During his introduction to the world of the blind at the rehabilitation center in Connecticut, Broderick and his friends formed an informal organization to help each other adjust to their new realities. It became the Blinded Veterans Association, and Broderick decided that he should share the lessons of his new life with other veterans who were struggling with their blindness. He began making trips to Chicago-area rehabilitation programs, counseling sightless veterans on the career possibilities in insurance, mortgage sales, and car financing—the hot financial service fields as America exploded out of the cities and into the suburbs.

“I'd tell them about my own struggle—how I was young when I became blind and I knew how they felt. I brought some of them down to my office so they could see the braille machine and what was possible. I don't feel any special bond with other blind organizations or blind people, but I wanted to help veterans. You have to do it. It was no big deal, really.”

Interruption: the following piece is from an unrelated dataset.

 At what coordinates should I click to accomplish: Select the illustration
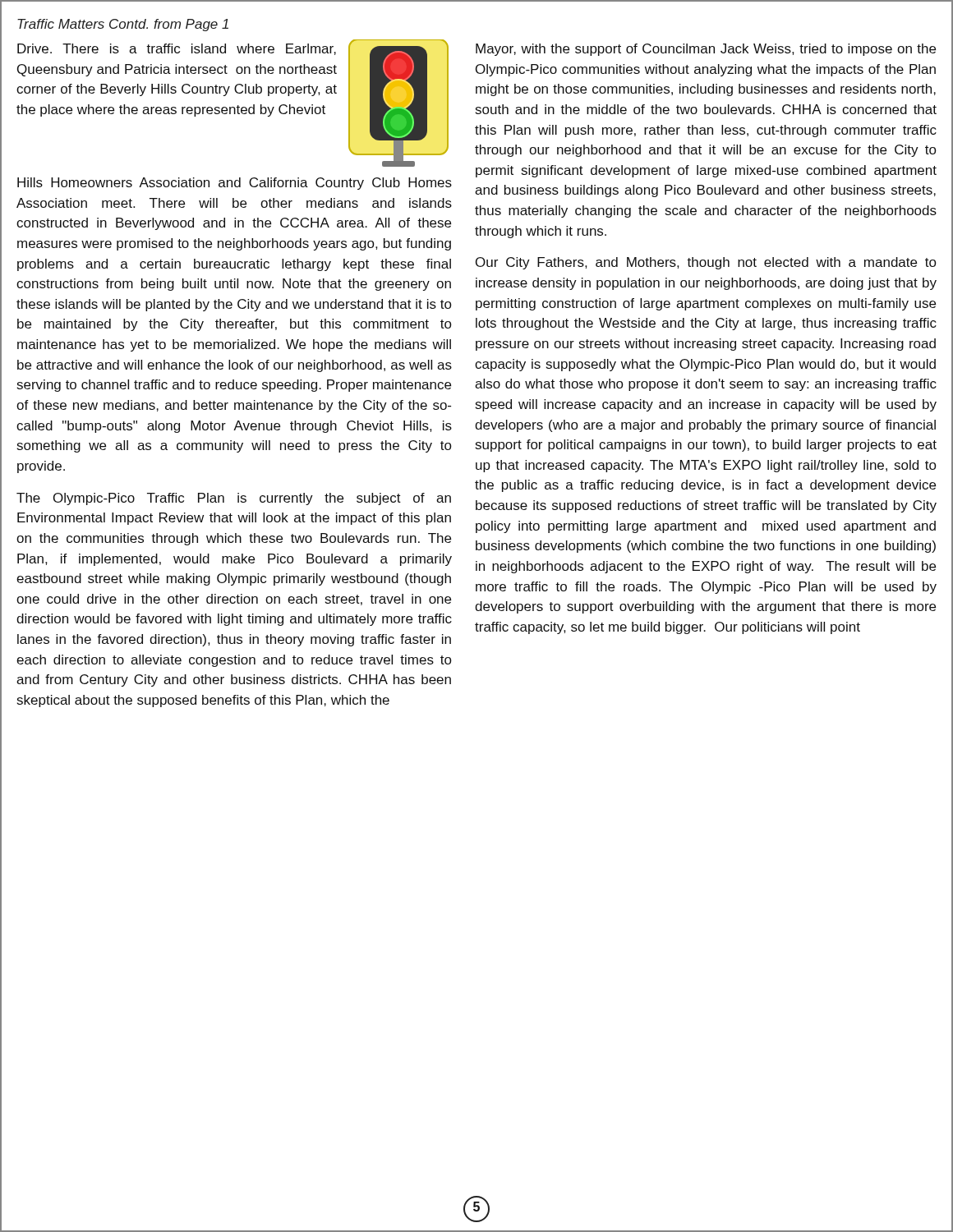pos(398,105)
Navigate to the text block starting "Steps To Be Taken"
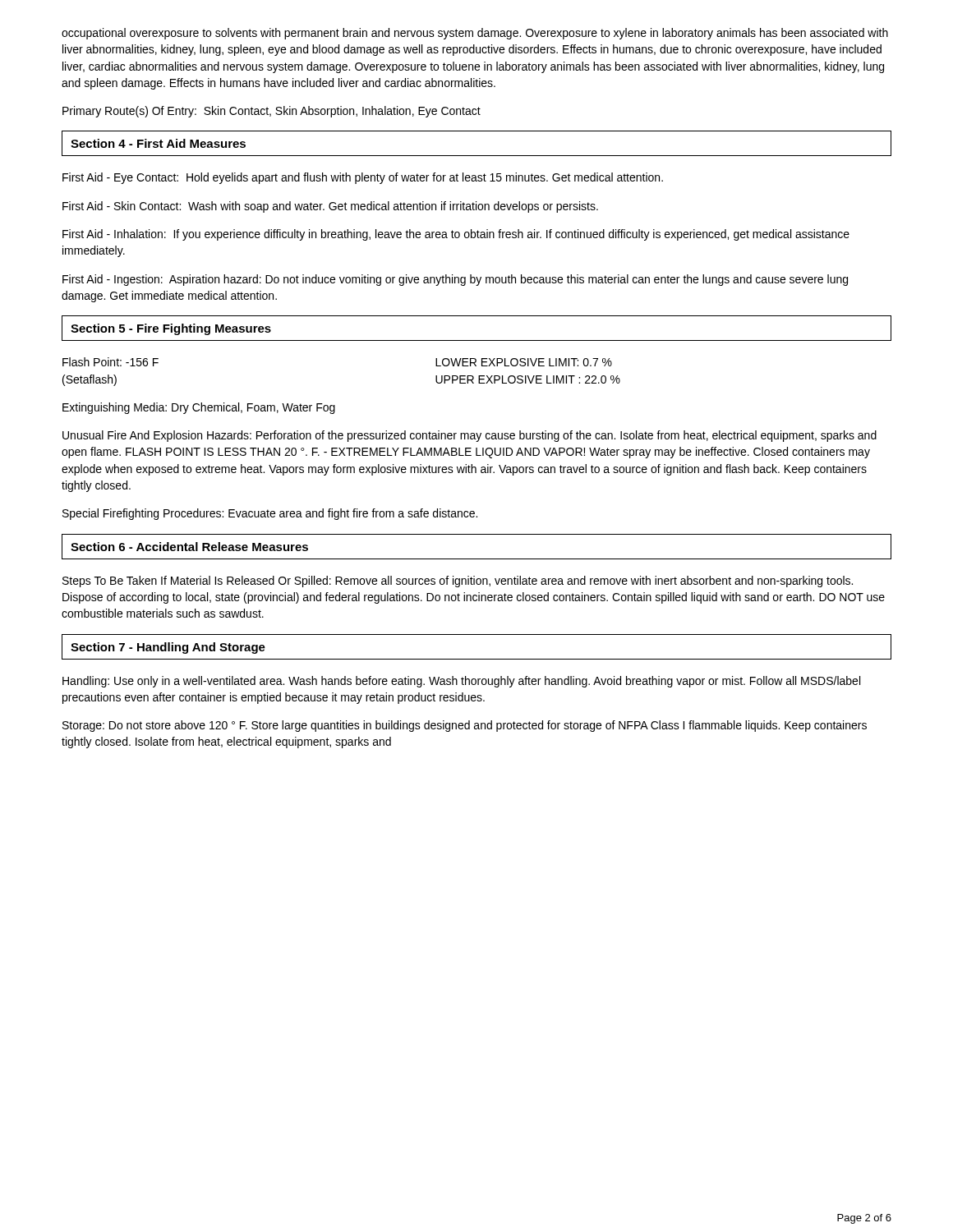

Tom's son Dan remembers that, during Vietnam, the nearby Veterans Administration office would send over young men who'd lost their sight in that war. “When you first saw them you thought you were at a wake—some of them were suicidal, with their eyes blown out. Mom would go out and get a case of beer, and they'd sit on the porch with my dad and listen to the White Sox game. Then he'd navigate 'em around our house to show them what we had—five bedrooms, a big house. By the end of the night they'd be back on the porch, drinking beer but laughing now.”

Another son, Scott: “You know how everyone says their dad is the best. Well, do you know how many people I've heard that from about
my
dad? Friends, neighbors, clients. Every kid thinks it, but to hear it from other people is so gratifying. He never let his disability get in the way of anything.”